Please tally the lines below that contain the string "BOOT" and reply with that figure only.

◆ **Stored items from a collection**
-.-.-

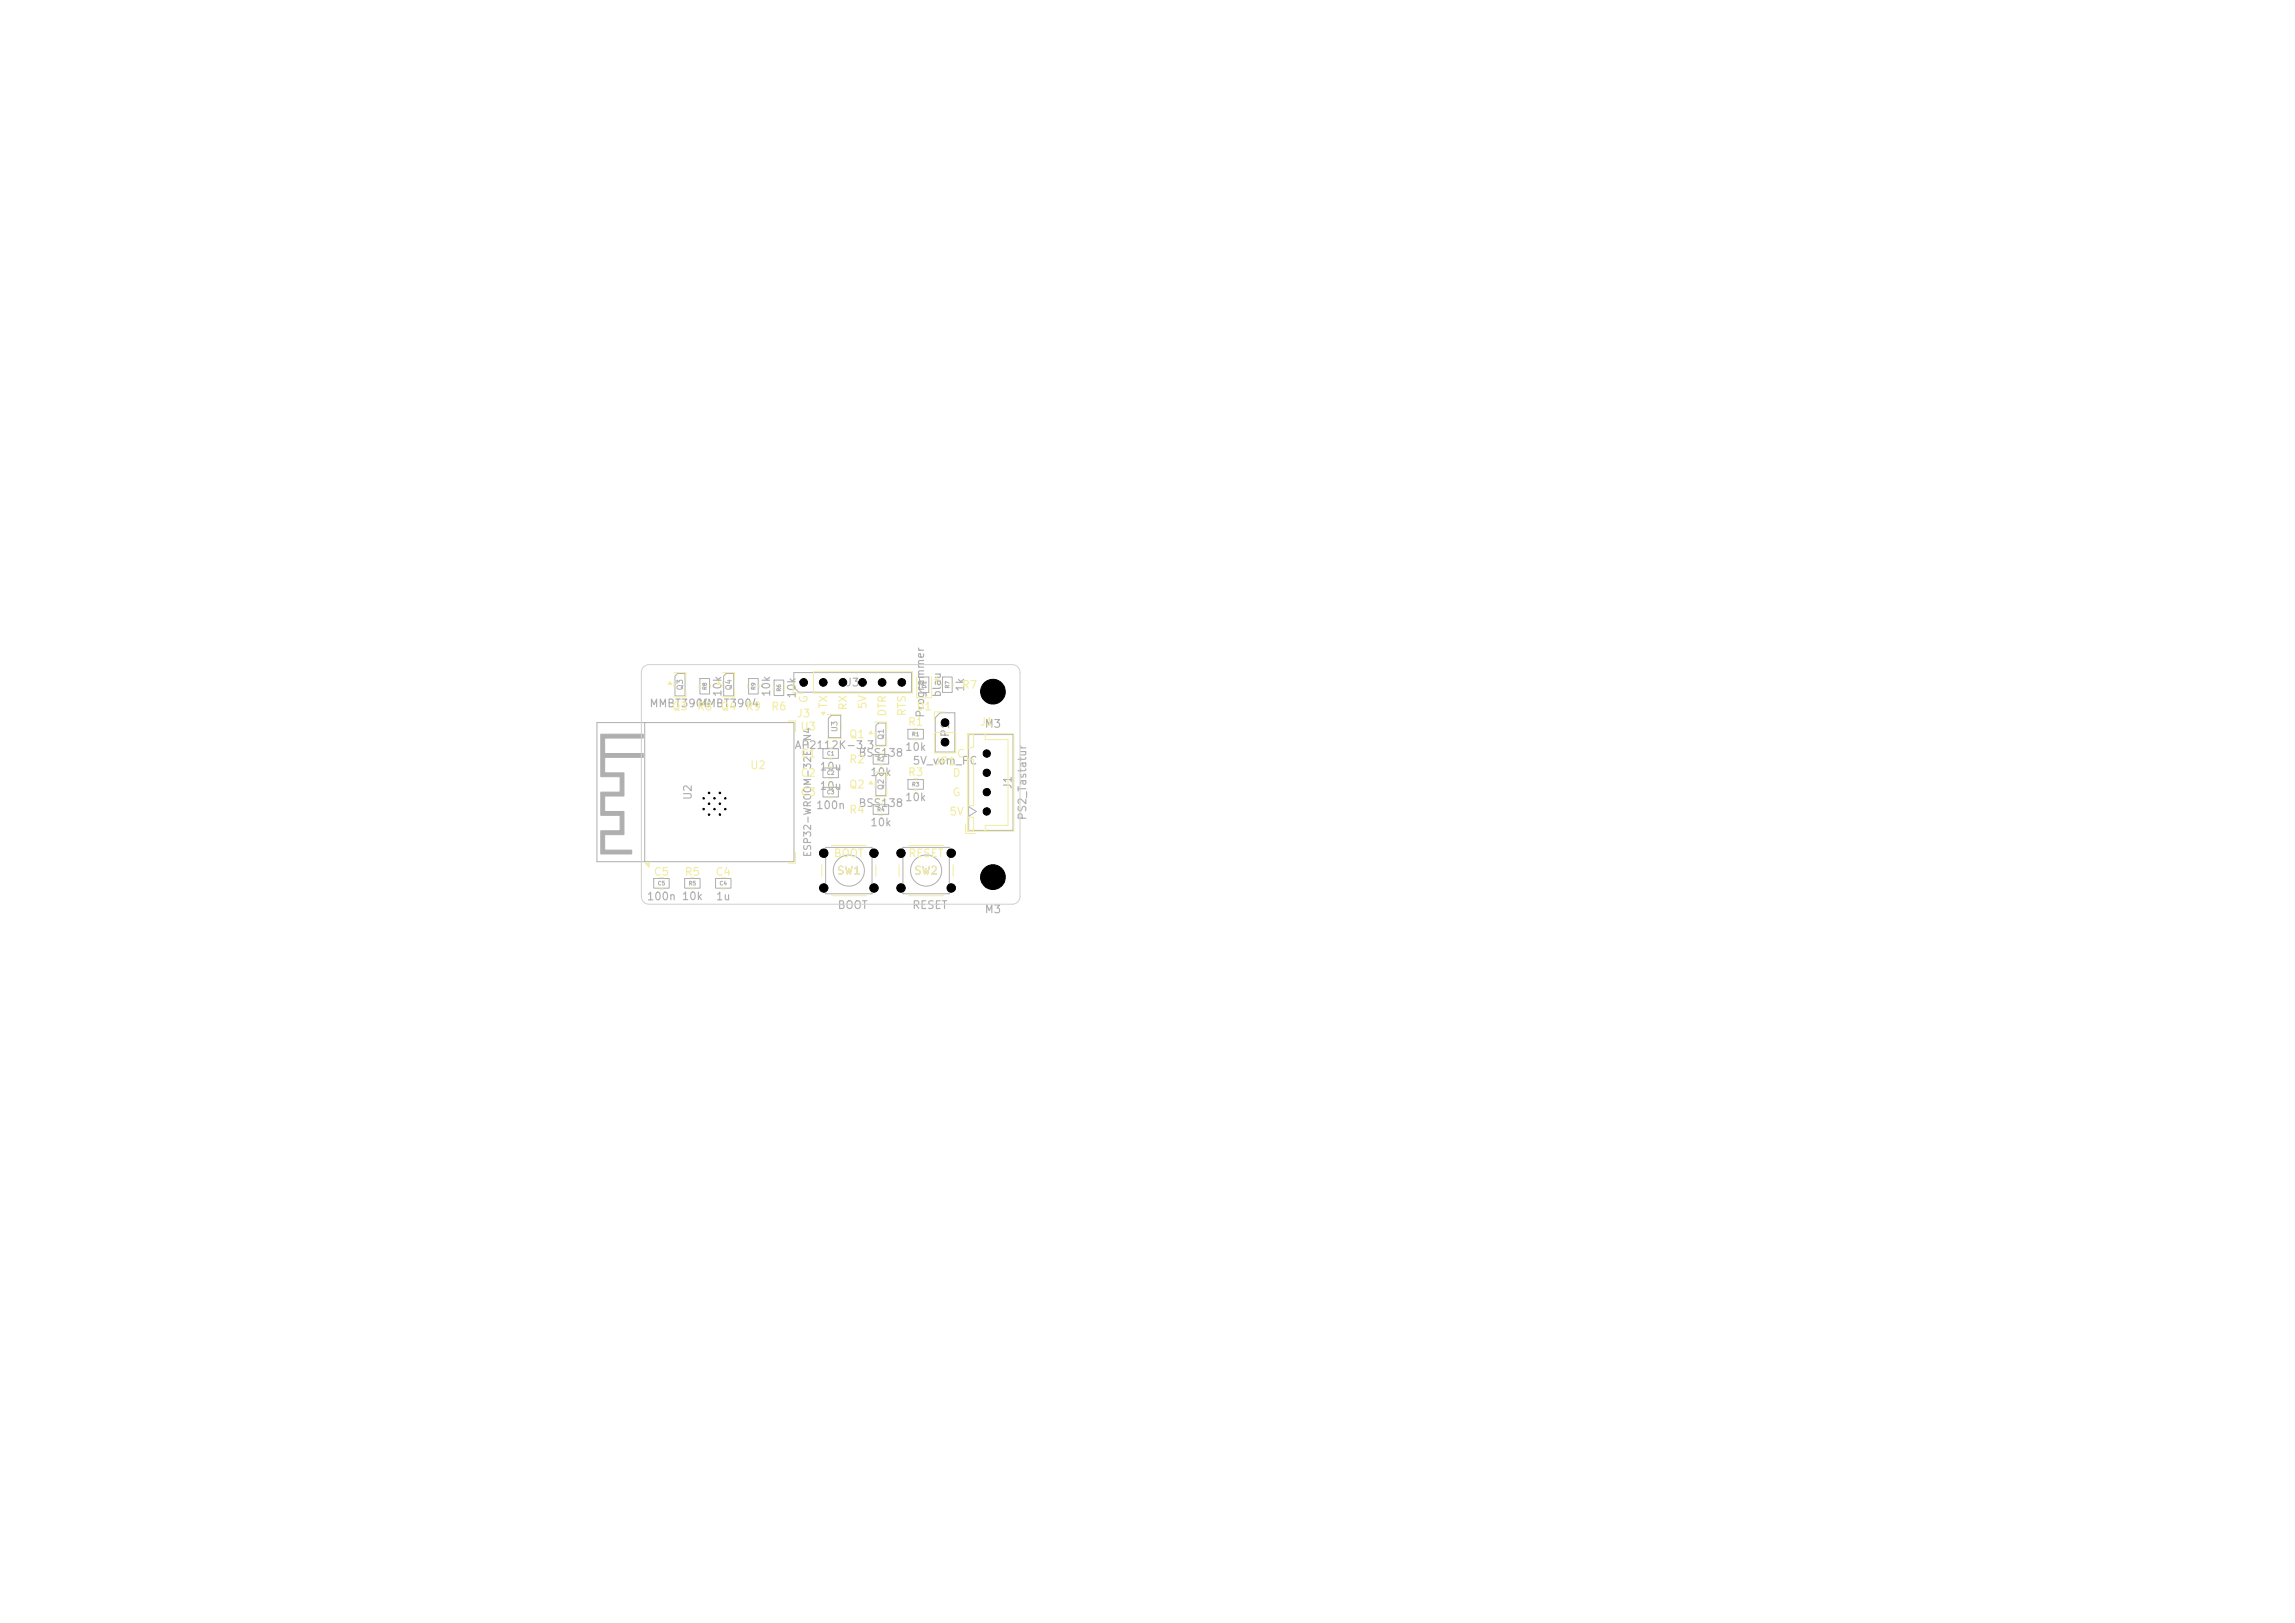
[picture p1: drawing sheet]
<svg xmlns="http://www.w3.org/2000/svg" width="297mm" height="210mm" viewBox="0 0 297 210" stroke-linecap="round" stroke-linejoin="round" font-family="sans-serif">
<defs><g id="words">
<g font-size="1" fill="#afafaf">
<text x="109.4" y="89.1">J3</text>
<text x="125" y="89.6" transform="rotate(-90 125 89.6)">1k</text>
<text x="84" y="91.8">MMBT3904</text>
<text x="90.3" y="91.8">MMBT3904</text>
<text x="93.6" y="90.3" transform="rotate(-90 93.6 90.3)">10k</text>
<text x="99.9" y="90.3" transform="rotate(-90 99.9 90.3)">10k</text>
<text x="103.2" y="90.5" transform="rotate(-90 103.2 90.5)">10k</text>
<text x="119.8" y="92.9" transform="rotate(-90 119.8 92.9)">Programmer</text>
<text x="122" y="90.3" transform="rotate(-90 122 90.3)">blau</text>
<text x="127.4" y="94.4">M3</text>
<text x="102.8" y="97.2">AP2112K-3.3</text>
<text x="106" y="99.9">10u</text>
<text x="111" y="98.2">BSS138</text>
<text x="112.5" y="100.7">10k</text>
<text x="117" y="97.4">10k</text>
<text x="118" y="99.2">5V_vom_PC</text>
<text x="123.1" y="96.2" transform="rotate(-90 123.1 96.2)">JP1</text>
<text x="89.8" y="103.6" transform="rotate(-90 89.8 103.6)">U2</text>
<text x="105.5" y="104.9">100n</text>
<text x="106" y="102.4">10u</text>
<text x="111" y="104.7">BSS138</text>
<text x="112.5" y="107.2">10k</text>
<text x="117" y="103.9">10k</text>
<text x="131.2" y="102.2" transform="rotate(-90 131.2 102.2)">J1</text>
<text x="133.1" y="106.2" transform="rotate(-90 133.1 106.2)">PS2_Tastatur</text>
<text x="108.2" y="113.4">SW1</text>
<text x="118.2" y="113.4">SW2</text>
<text x="83.6" y="116.7">100n 10k</text>
<text x="92.6" y="116.7">1u</text>
<text x="108.3" y="117.9">BOOT</text>
<text x="118" y="117.9">RESET</text>
<text x="127.4" y="118.4">M3</text>
</g>
<g font-size="1" fill="#f2eda1">
<text x="124.4" y="89.4">R7</text>
<text x="86.9" y="92.2">Q3</text>
<text x="90.1" y="92.2">R8</text>
<text x="93.2" y="92.2">Q4</text>
<text x="96.4" y="92.2">R9</text>
<text x="99.7" y="92.2">R6</text>
<text x="103" y="93.1">J3</text>
<text x="103.5" y="94.8">U3</text>
<text x="104.8" y="91" transform="rotate(-90 104.8 91)">G</text>
<text x="107.3" y="91.8" transform="rotate(-90 107.3 91.8)">TX</text>
<text x="109.8" y="95.8">Q1</text>
<text x="109.8" y="92" transform="rotate(-90 109.8 92)">RX</text>
<text x="112.4" y="91.9" transform="rotate(-90 112.4 91.9)">5V</text>
<text x="114.9" y="92.8" transform="rotate(-90 114.9 92.8)">DTR</text>
<text x="117.4" y="94.2">R1</text>
<text x="117.5" y="92.8" transform="rotate(-90 117.5 92.8)">RTS</text>
<text x="118.5" y="92.2">D1</text>
<text x="126.7" y="94.2">J1</text>
<text x="97" y="99.8">U2</text>
<text x="103.5" y="98.3">C1</text>
<text x="103.5" y="100.8">C2</text>
<text x="109.8" y="99">R2</text>
<text x="117.4" y="100.7">R3</text>
<text x="120.8" y="99.3">JP1</text>
<text x="123.2" y="100.8">D</text>
<text x="123.7" y="98.3">C</text>
<text x="103.5" y="103.3">C3</text>
<text x="109.8" y="102.3">Q2</text>
<text x="109.8" y="105.5">R4</text>
<text x="122.8" y="105.8">5V</text>
<text x="123.2" y="103.3">G</text>
<text x="84.5" y="113.6">C5</text>
<text x="88.5" y="113.6">R5</text>
<text x="92.5" y="113.6">C4</text>
<text x="107.8" y="111.2">BOOT</text>
<text x="117.5" y="111.2">RESET</text>
</g>
<text font-size=".9" fill="#afafaf" x="105.2" y="111" transform="rotate(-90 105.2 111)">ESP32-WROOM-32E-N4</text>
<g font-size=".7" fill="#afafaf">
<text x="88.5" y="89.4" transform="rotate(-90 88.5 89.4)">Q3</text>
<text x="94.8" y="89.4" transform="rotate(-90 94.8 89.4)">Q4</text>
<text x="108.5" y="94.8" transform="rotate(-90 108.5 94.8)">U3</text>
<text x="114.5" y="95.8" transform="rotate(-90 114.5 95.8)">Q1</text>
<text x="114.5" y="102.3" transform="rotate(-90 114.5 102.3)">Q2</text>
</g>
<g font-size=".5" fill="#afafaf">
<text x="91.6" y="89.3" transform="rotate(-90 91.6 89.3)">R8</text>
<text x="97.9" y="89.3" transform="rotate(-90 97.9 89.3)">R9</text>
<text x="101.2" y="89.5" transform="rotate(-90 101.2 89.5)">R6</text>
<text x="120" y="89.1" transform="rotate(-90 120 89.1)">D1</text>
<text x="123" y="89.1" transform="rotate(-90 123 89.1)">R7</text>
<text x="118" y="95.4">R1</text>
<text x="107" y="97.9">C1</text>
<text x="107" y="100.4">C2</text>
<text x="113.5" y="98.6">R2</text>
<text x="118" y="101.9">R3</text>
<text x="107" y="102.9">C3</text>
<text x="113.5" y="105.1">R4</text>
<text x="85.1" y="114.7">C5</text>
<text x="89.1" y="114.7">R5</text>
<text x="93.1" y="114.7">C4</text>
</g>
</g></defs>
<g fill="none" stroke="#afafaf" stroke-width=".13">
<path d="M77.7 95h5.6v.5h-5v2h5v.5h-5v2h2.4v3h-2.4v2h2.4v3h-2.4v2h3.4v.5h-4v-3h2.6v-2h-2.6v-3h2.6v-2h-2.6zM83.4 93.5h-6.1v18h6.1M83.4 93.5h19.4v18h-19.4zM87.7 87.1h1v3h-1.3v-2.6zM90.6 87.8h1.2v2h-1.2zM94 87.1h1v3h-1.3v-2.6zM96.9 87.8h1.2v2h-1.2zM100.2 88h1.2v2h-1.2zM102.7 87h15.3v2.6h-14.6l-.7-.7zM106.5 96.9h2v1.2h-2zM106.5 99.4h2v1.2h-2zM107.6 92.5h1.2v2.9h-1.6v-2.4z"/>
<path d="M113 97.6h2v1.3h-2zM113.7 93.5h1v2.9h-1.3v-2.5zM117.5 94.4h2v1.2h-2zM119 87.6h1.2v2h-.9l-.3-.3zM121.7 92.2h1.9v5.1h-2.6v-4.4zM122 87.6h1.2v2h-1.2zM125.4 95.1h5.7v12.3h-5.7zM84.6 113.7h2v1.2h-2zM92.6 113.7h2v1.2h-2zM106.5 101.9h2v1.2h-2zM106.8 109.7h6v6h-6zM113 104.1h2v1.3h-2z"/>
<path d="M113.7 100.1h1v2.9h-1.3v-2.6zM117.5 100.9h2v1.2h-2zM125.3 104.4l1 .6-1 .6"/>
<circle cx="109.8" cy="112.7" r="2.02"/>
</g>
<path d="M77.7 95h5.6v.5h-5v2h5v.5h-5v2h2.4v3h-2.4v2h2.4v3h-2.4v2h3.4v.5h-4v-3h2.6v-2h-2.6v-3h2.6v-2h-2.6z" fill="#afafaf"/>
<g fill="none" stroke="#afafaf" stroke-width=".13">
<path d="M88.6 113.7h2v1.2h-2zM116.8 109.7h6v6h-6z"/>
<circle cx="119.8" cy="112.7" r="2.02"/>
</g>
<path d="M120.9 87.9h.6M121.2 87.6v.6" fill="none" stroke="#f2eda1" stroke-width=".15"/>
<path d="M93 88.2l.2 .3h-.4zM93.5 87.1l1.6-.1v1M93.5 88.2v.8M95.1 89.2v1l-1.6-.1M96.8 88.6v.4M98.2 88.6v.4" fill="none" stroke="#f2eda1" stroke-width=".13"/>
<path d="M93 88.2l.2 .3h-.4z" fill="#f2eda1"/>
<path d="M112.7 94.6l.2 .4h-.4zM113.2 93.5l1.6-.1v1M113.2 94.6v.8M114.8 95.6v1l-1.6-.1M106.3 111.9v1.5M107.6 115.9h4.5M107.6 109.4h4.5M113.3 111.9v1.5" fill="none" stroke="#f2eda1" stroke-width=".13"/>
<path d="M112.7 94.6l.2 .4h-.4z" fill="#f2eda1"/>
<path d="M106.3 92.2h.5l-.3 .3zM107.1 92.5h1.8M107.1 95.5h1.8M107.2 96.8h.6M107.2 98.2h.6M108.9 93.6v.8M120.9 94.8h2.8v2.6h-2.8zM122.3 92.1h-1.4v1.4" fill="none" stroke="#f2eda1" stroke-width=".13"/>
<path d="M106.3 92.2h.5l-.3 .3z" fill="#f2eda1"/>
<g fill="none" stroke="#f2eda1" stroke-width=".13">
<path d="M86.7 88.2l.2 .3h-.4zM87.2 87.1l1.6-.1v1M87.2 88.2v.8M88.8 89.2v1l-1.6-.1M100.1 88.8v.4M101.5 88.8v.4M102.6 88.3v1.4h1.4M105.3 86.9h12.8v2.8h-12.8zM113.8 97.5h.4M113.8 99h.4M85.3 113.6h.6M85.3 115h.6"/>
<path d="M113.8 104h.4M113.8 105.5h.4"/>
</g>
<path d="M86.7 88.2l.2 .3h-.4z" fill="#f2eda1"/>
<g fill="none" stroke="#f2eda1" stroke-width=".13">
<path d="M107.2 99.3h.6M113.2 100l1.6-.1v1M118.3 94.3h.4M118.3 95.7h.4M118.6 87.6v2.7h2v-2.7M121.9 88.4v.4M123.3 88.4v.4M125.2 94.9h6v12.7h-6zM125.2 95h.8v1.8h-.8zM125.2 98.3h.8v5.9h-.8zM127.5 95v.7h3v11.1h-3v.8M107.2 101.8h.6"/>
<path d="M107.2 103.2h.6M107.2 100.7h.6M112.7 101.1l.2 .3h-.4zM113.2 101.1v.8M114.8 102.1v1l-1.6-.1M118.3 100.8h.4M118.3 102.2h.4M124.9 106.6v1.3h1.3M125.2 105.8h.8v1.7h-.8z"/>
</g>
<path d="M112.7 101.1l.2 .3h-.4z" fill="#f2eda1"/>
<path d="M90.5 88.6v.4M91.9 88.6v.4M102 93.3h.9v1.4M83.5 111.7h.5v.5zM93.3 113.6h.6M93.3 115h.6M102.9 110.3v1.4h-.9" fill="none" stroke="#f2eda1" stroke-width=".13"/>
<path d="M83.5 111.7h.5v.5z" fill="#f2eda1"/>
<path d="M89.4 113.6h.4M89.4 115h.4M116.3 111.9v1.5M117.6 115.9h4.5M117.6 109.4h4.5M123.3 111.9v1.5" fill="none" stroke="#f2eda1" stroke-width=".13"/>
<path d="M83.3 86.3l.4-.2 .3-.1h47a1 1 0 0 1 1 1v29a1 1 0 0 1-1 1h-47a1 1 0 0 1-1-1v-29l.1-.3z" fill="none" stroke="#d0d2cd" stroke-width=".13"/>
<g fill="#000" stroke="#000" stroke-width=".13">
<circle cx="104" cy="88.3" r=".5"/>
<circle cx="106.5" cy="88.3" r=".5"/>
<circle cx="109.1" cy="88.3" r=".5"/>
<circle cx="111.6" cy="88.3" r=".5"/>
<circle cx="114.2" cy="88.3" r=".5"/>
<circle cx="116.7" cy="88.3" r=".5"/>
<circle cx="122.3" cy="96" r=".5"/>
<circle cx="122.3" cy="93.5" r=".5"/>
<circle cx="127.7" cy="97.5" r=".47"/>
<circle cx="128.5" cy="89.5" r="1.6"/>
<circle cx="91.1" cy="104.7" r=".1"/>
<circle cx="91.1" cy="103.3" r=".1"/>
<circle cx="91.8" cy="105.4" r=".1"/>
<circle cx="91.8" cy="102.6" r=".1"/>
<circle cx="91.8" cy="104" r=".1"/>
<circle cx="92.5" cy="104.7" r=".1"/>
<circle cx="92.5" cy="103.3" r=".1"/>
<circle cx="93.2" cy="105.4" r=".1"/>
<circle cx="93.2" cy="102.6" r=".1"/>
<circle cx="93.2" cy="104" r=".1"/>
<circle cx="93.9" cy="104.7" r=".1"/>
<circle cx="93.9" cy="103.3" r=".1"/>
<circle cx="106.6" cy="110.4" r=".55"/>
<circle cx="106.6" cy="114.9" r=".55"/>
<circle cx="113.1" cy="110.4" r=".55"/>
<circle cx="113.1" cy="114.9" r=".55"/>
<circle cx="116.6" cy="110.4" r=".55"/>
<circle cx="116.6" cy="114.9" r=".55"/>
<circle cx="123.1" cy="110.4" r=".55"/>
<circle cx="123.1" cy="114.9" r=".55"/>
<circle cx="127.7" cy="102.5" r=".47"/>
<circle cx="127.7" cy="100" r=".47"/>
<circle cx="127.7" cy="105" r=".47"/>
<circle cx="128.5" cy="113.5" r="1.6"/>
</g>
<use href="#words"/>
</svg>

-.-.-

◆ **Task response**
2